The electoral reform ball is now rolling in Italy – largely thanks to the efforts of new centre-left leader, Matteo Renzi, although the comic-activist led 5 Star Movement had also been pushing hard for Italy’s parliament to roll up its sleeves and tackle this sticky issue. While the 5 Star Movment was ignored, Renzi was not and things have started to move, albeit a little hesitantly.
UPDATE: Actually, since I wrote this, Italy’s news is reporting that the electoral reform debate is on the point of stalling. Not good.

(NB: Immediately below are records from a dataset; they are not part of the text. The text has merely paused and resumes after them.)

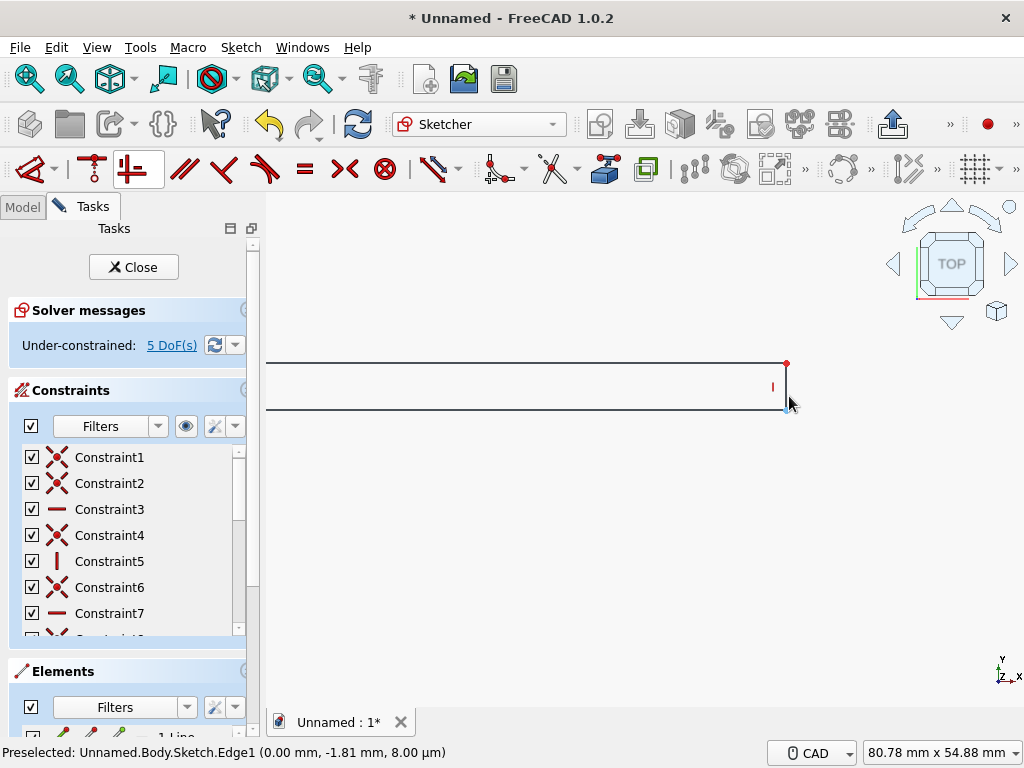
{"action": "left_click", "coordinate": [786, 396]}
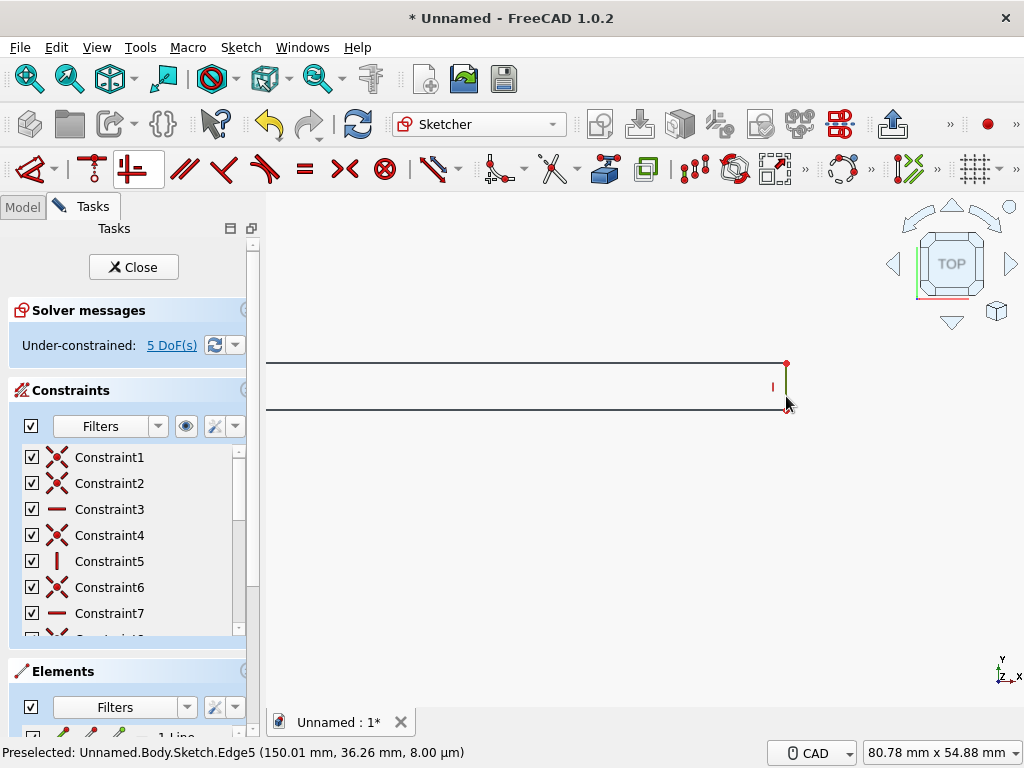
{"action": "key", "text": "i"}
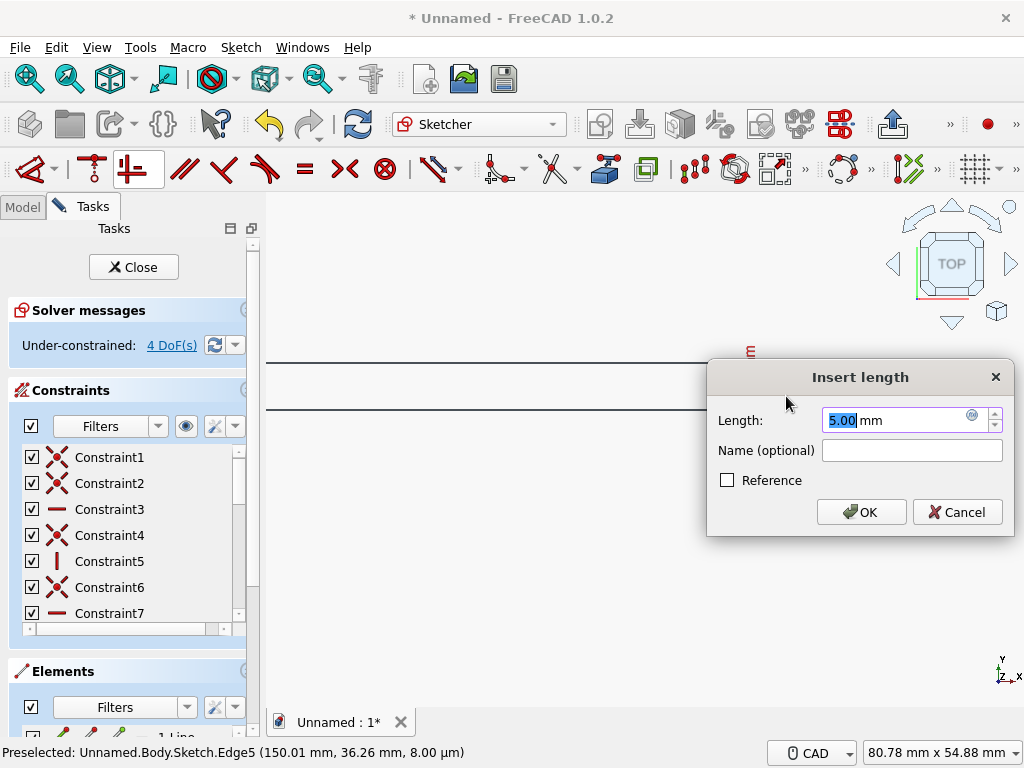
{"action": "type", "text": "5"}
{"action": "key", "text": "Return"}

Never ones to let any excuse for bickering escape them, Italy’s politicians are quarrelling away over the details of the electoral reform. Smaller parties think they may become a thing of the past, the 5 Star Movement is convinced the reforms are being designed to keep the movement out of parliament, and a group of left-wing jurists is convinced the Renzi electoral reform will lead to a law just as undemocratic and unconstitutional as the one it has to replace. Yes, Italy must pass an electoral reform law otherwise the nation cannot hold elections – or that is more or less what Italy’s highest court stated when it condemned the current Berlusconi-government concocted version.
Silvio Berlusconi, meanwhile, seems to be one of the few personalties in the star studded world of Italian politics who is not complaining about the Renzi electoral reform. Indeed, Berlusconi is convinced his reborn Forza Italia party will win Italy’s 2014 elections. The small matter that nobody has yet called elections is not worrying Mr Berlusconi! But, there’s a strong chance that elections will be called this year – as Berlusconi is clearly aware.
What’s All the Electoral Reform Bickering About?
One side of Renzi’s own PD party wants preference votes, and electoral lists which are not fixed. The worry is that election candidates will end up, as is common in Italy, being chosen by party bigwigs and not by the population. Italy’s blocked electoral lists generally lead to the personal favourites of party leaders ending up in Italy’s parliament. Competence and integrity tend to come a long way down the list of ‘must have qualities’ for elected representatives in the Boot – and this has more or less always been the case. In part, this situation explains why Italy tends to spin round going nowhere especially in grim economic times.
Others don’t want preference votes – probably because they want to nominate their best friends to positions of political power.
The preferences issue could be sorted out if all of Italy’s political parties agreed to hold some form primaries. Italy’s population could then have some say in who ends up standing for election. Even with primaries though, instead of choosing one personal favourite as a candidate, party leaders will end up proposing a selection of personal favourites and voters may still lose out.
Another issue which is causing micro-ructions is the ‘majority bonus’ the winning party would be awarded. Renzi fixed this at 35%, but some of his people want the limit to be much higher – 40% or more.
The biggest issue seems to whether or not the Renzi electoral reform, christened Italicum by Italy’s press, will be constitutional. If it is a mere rehash of the now semi-extinct Mattarellum or Pig-sty law, then, like the Pig Sty law, it may face the wrath of Italy’s constitutional court. In fact, the bunch of lawyers who managed to have the Pig-Sty law partially annulled are already considering challenging the Renzi electoral reform even if its details are not yet clear. Even if this does occur, Italy’s slow justice system will ensure the forthcoming reform should last 10 years or so before being voided – if it is found to be unconstitutional.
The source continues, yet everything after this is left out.